What is required: Begin at the line below that contains "subtitle GPXAdapter [118, 131, 1122, 174]". Repeat it and all remaining lines of the records exactly.
*** Raw data ***
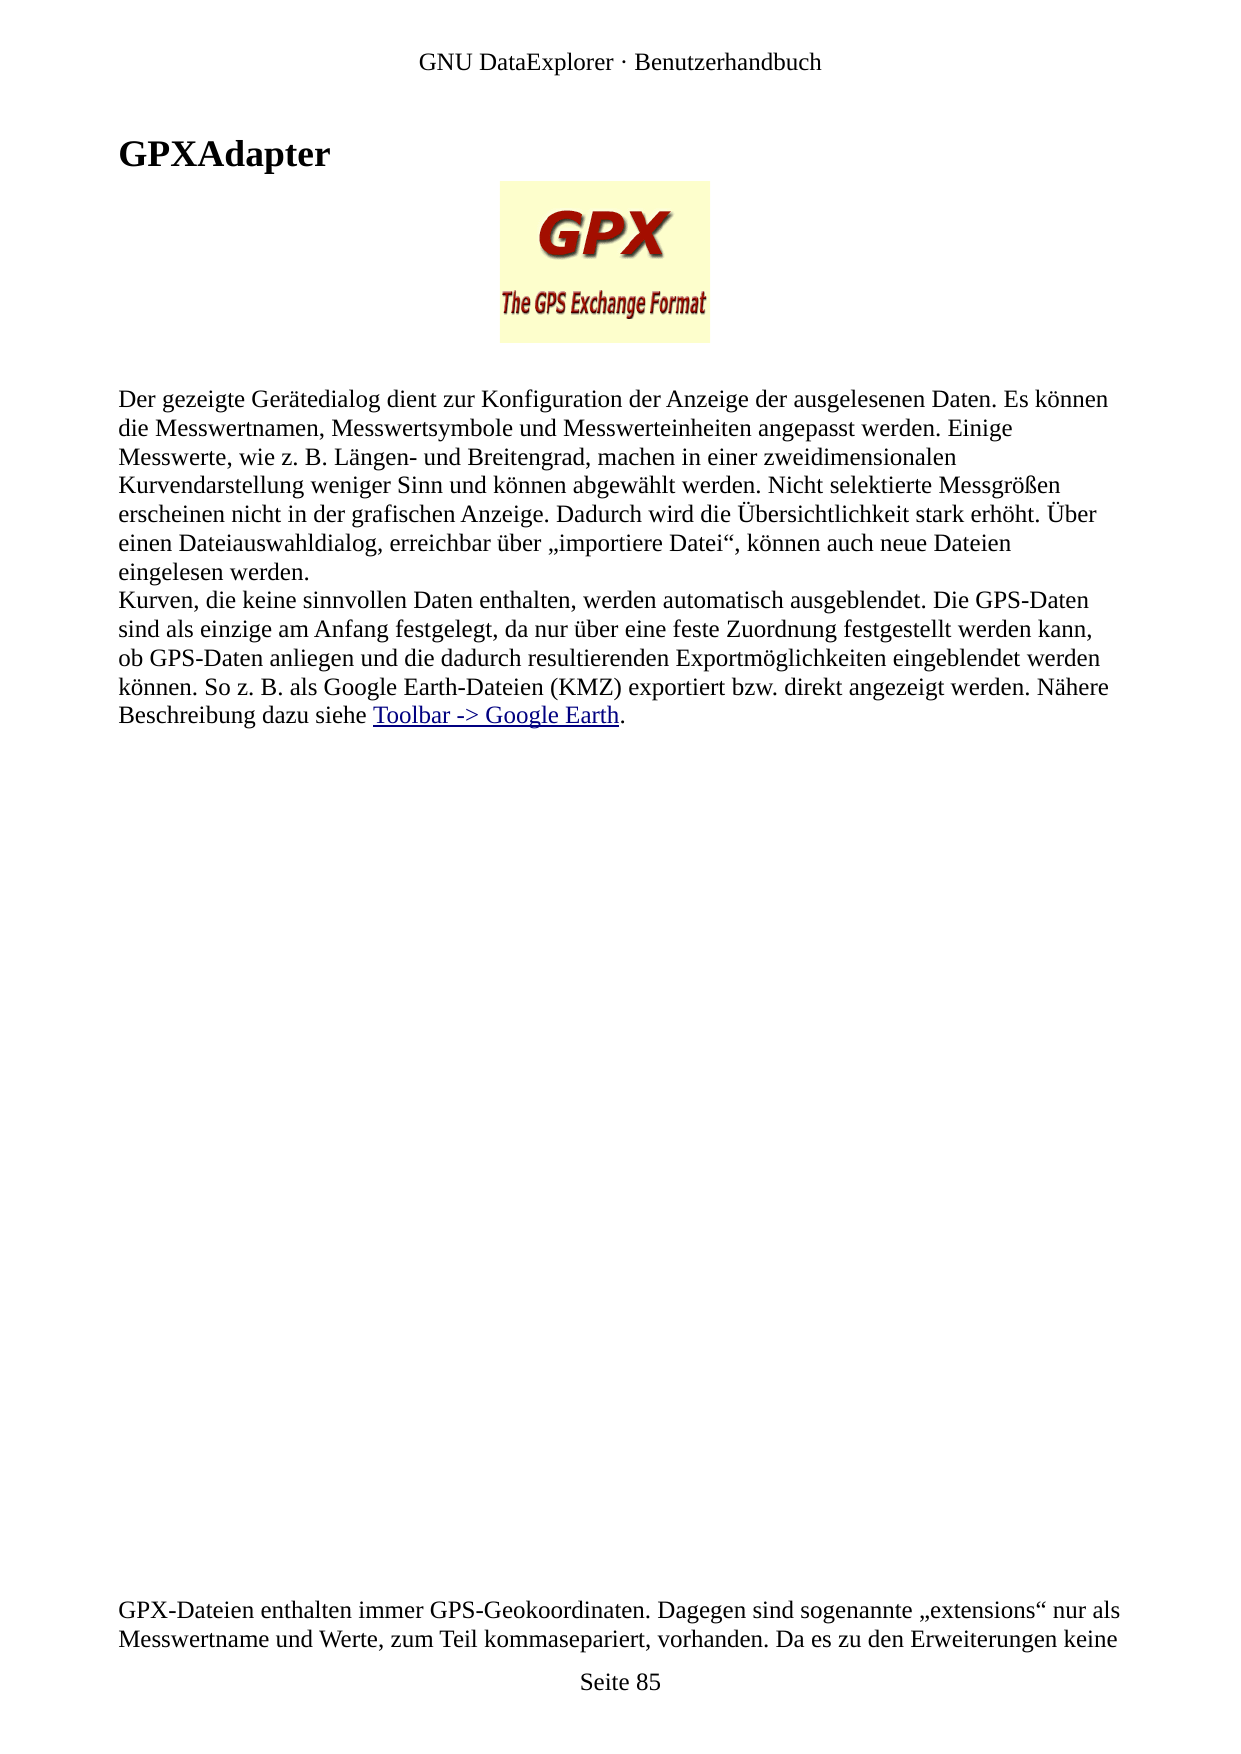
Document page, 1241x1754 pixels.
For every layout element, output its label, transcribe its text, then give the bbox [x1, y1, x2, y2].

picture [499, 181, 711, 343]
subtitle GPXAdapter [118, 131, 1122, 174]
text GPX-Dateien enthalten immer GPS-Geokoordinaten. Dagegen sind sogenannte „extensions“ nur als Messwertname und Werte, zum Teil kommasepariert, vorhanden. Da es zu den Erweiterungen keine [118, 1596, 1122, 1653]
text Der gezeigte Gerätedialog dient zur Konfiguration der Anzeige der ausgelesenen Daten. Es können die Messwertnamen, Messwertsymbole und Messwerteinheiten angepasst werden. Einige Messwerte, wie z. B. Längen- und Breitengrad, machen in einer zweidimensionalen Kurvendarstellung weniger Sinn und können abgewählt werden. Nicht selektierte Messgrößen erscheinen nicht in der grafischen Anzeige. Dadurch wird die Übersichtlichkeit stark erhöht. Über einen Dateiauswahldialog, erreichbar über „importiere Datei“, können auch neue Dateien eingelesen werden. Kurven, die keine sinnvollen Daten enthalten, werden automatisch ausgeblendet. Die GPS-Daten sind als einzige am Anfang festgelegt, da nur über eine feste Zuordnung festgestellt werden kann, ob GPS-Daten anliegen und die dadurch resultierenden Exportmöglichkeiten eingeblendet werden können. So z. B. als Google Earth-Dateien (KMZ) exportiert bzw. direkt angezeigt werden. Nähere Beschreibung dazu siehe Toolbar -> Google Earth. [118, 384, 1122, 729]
*** End of Raw data ***
Reply to the task:
subtitle GPXAdapter [118, 131, 1122, 174]
text GPX-Dateien enthalten immer GPS-Geokoordinaten. Dagegen sind sogenannte „extensions“ nur als Messwertname und Werte, zum Teil kommasepariert, vorhanden. Da es zu den Erweiterungen keine [118, 1596, 1122, 1653]
text Der gezeigte Gerätedialog dient zur Konfiguration der Anzeige der ausgelesenen Daten. Es können die Messwertnamen, Messwertsymbole und Messwerteinheiten angepasst werden. Einige Messwerte, wie z. B. Längen- und Breitengrad, machen in einer zweidimensionalen Kurvendarstellung weniger Sinn und können abgewählt werden. Nicht selektierte Messgrößen erscheinen nicht in der grafischen Anzeige. Dadurch wird die Übersichtlichkeit stark erhöht. Über einen Dateiauswahldialog, erreichbar über „importiere Datei“, können auch neue Dateien eingelesen werden. Kurven, die keine sinnvollen Daten enthalten, werden automatisch ausgeblendet. Die GPS-Daten sind als einzige am Anfang festgelegt, da nur über eine feste Zuordnung festgestellt werden kann, ob GPS-Daten anliegen und die dadurch resultierenden Exportmöglichkeiten eingeblendet werden können. So z. B. als Google Earth-Dateien (KMZ) exportiert bzw. direkt angezeigt werden. Nähere Beschreibung dazu siehe Toolbar -> Google Earth. [118, 384, 1122, 729]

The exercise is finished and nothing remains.